# Can you please help me identify this ship?



## rbaran (Sep 26, 2008)

Hi -
I just recently found out I lived in Israel when I was very young, and that my parents and I traveled from Haifa to Genoa in July/August 1951, then took the Italian ship Conte Biancamano to Halifax. I am trying to identify and get details about the ship from Haifa, like name, shipping line, schedule, what happened to the ship, passenger lists, etc. I have two pictures I am posting (that's me with my mom). Thank you very much!


----------



## tunatownshipwreck (Nov 9, 2005)

Looks like that might be a Zim Israel funnel marking.


----------



## rbaran (Sep 26, 2008)

*Zim Israel?*

Thanks! Would you know a link where I could look at images of Zim's ship's of the period? I've looked through Google images, but have only found larger ships.


----------



## gdynia (Nov 3, 2005)

Welcome onboard to SN and enjoy the voyage. Try this website http://www.simplonpc.co.uk/Zim.html


----------



## shipmate17 (Jun 1, 2005)

HI,
CONTE BIANCAMANO. ID 5606334. Flag. Italy. Grt. 24416. SP19.5k. Built 1925 by Beardmore.Dalmuir. for Lloyd Sabaudo. ex HERMITAGE. scrapped La Spezia. 1960.
Cheers.


----------



## Tony Breach (Jun 15, 2005)

Your ship may well be the KEDMAH of Zim Lines who had her from 1947 until 1952. Go to the Ships List & you will find a potted history of Zim & KEDMAH & also some other ships owned by Zim during the time frame you indicated.
Good luck,
Tony


----------



## rbaran (Sep 26, 2008)

*Fantastic, you guys are great!*

Tony, I can't find the "ships list." Could you please direct me?
Thanks again, I do believe the Kedmah looks like to one.
RB


----------



## rbaran (Sep 26, 2008)

*Oh, you mean the Zim ships list,*

I thought you meant on this board. Got it. 

Here's a model I found:
http://modelshipsworld.blogspot.com/2008/05/ss-kedmah.html

rb


----------



## Tony Breach (Jun 15, 2005)

Hi again rbaran,

Made a comparison of your pics & the model & am 99.99% sure it was the KEDMAH you were on. All the deck fittings, the rear of the wheelhouse structure, header tanks etc seem to be identical.

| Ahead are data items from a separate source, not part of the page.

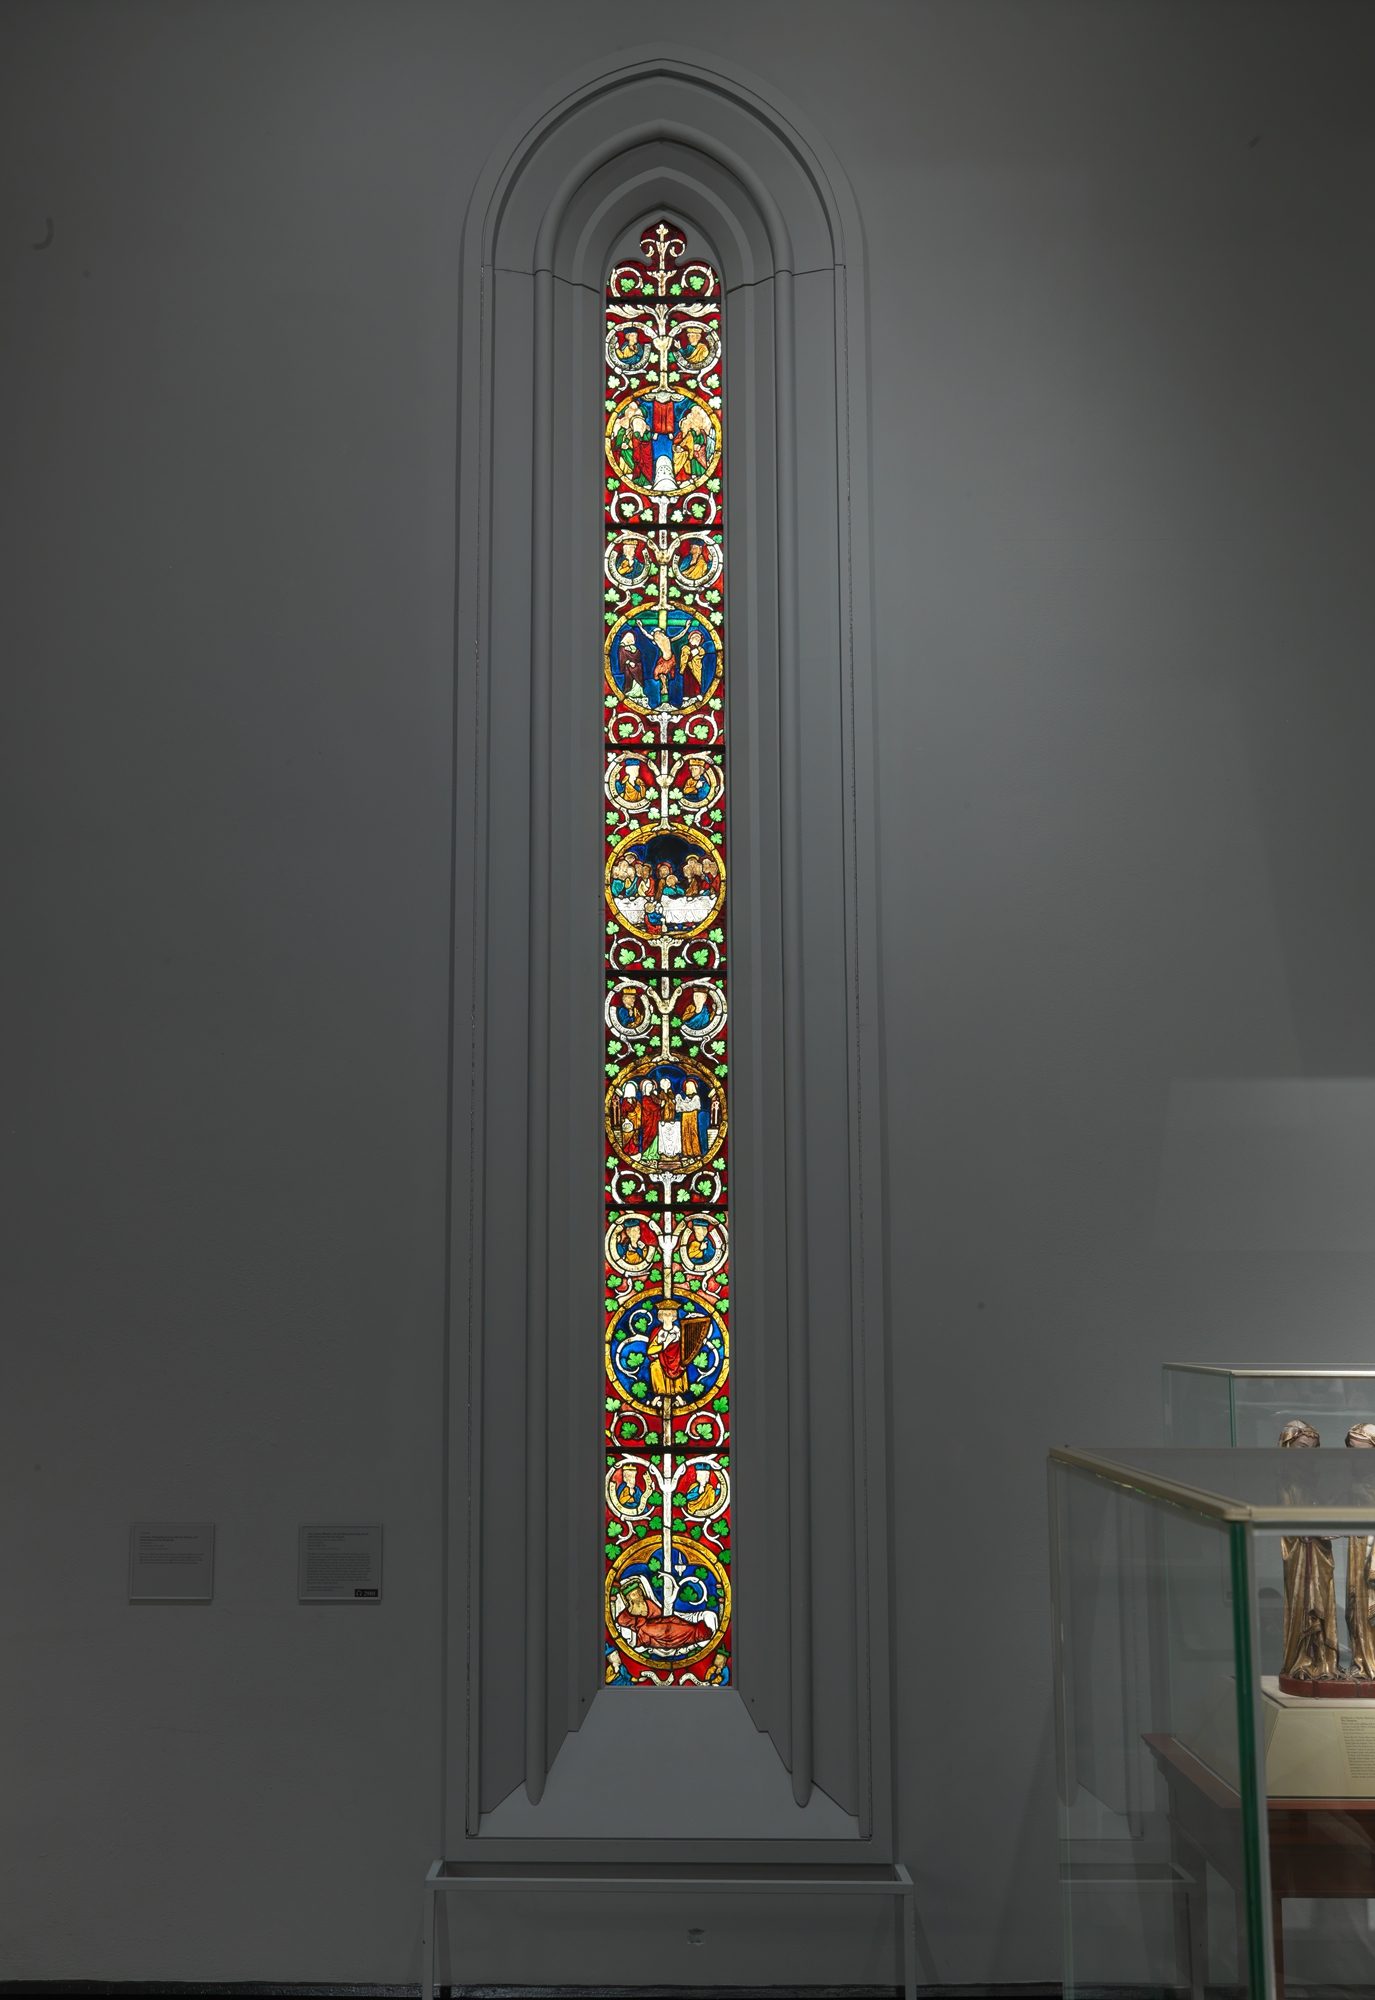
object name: panel
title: Tree of Jesse Window: The Reclining Jesse, King David, and Scenes from the Life of Jesus
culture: german
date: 1280-1300
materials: glass, lead, metal, paint
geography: germany
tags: apostles,christ,david,crucifixion,last supper

Very glad we were able to help.

Tony


----------



## Bruce Carson (Jun 14, 2005)

The 'Kedmah' is a very well known ship in Israeli maritime history and if you Google the name, you'll find a number of sites with information on her.

http://www.ssmaritime.com/ZIM.htm

Bruce


----------



## rbaran (Sep 26, 2008)

Thanks so much everybody!
rb


----------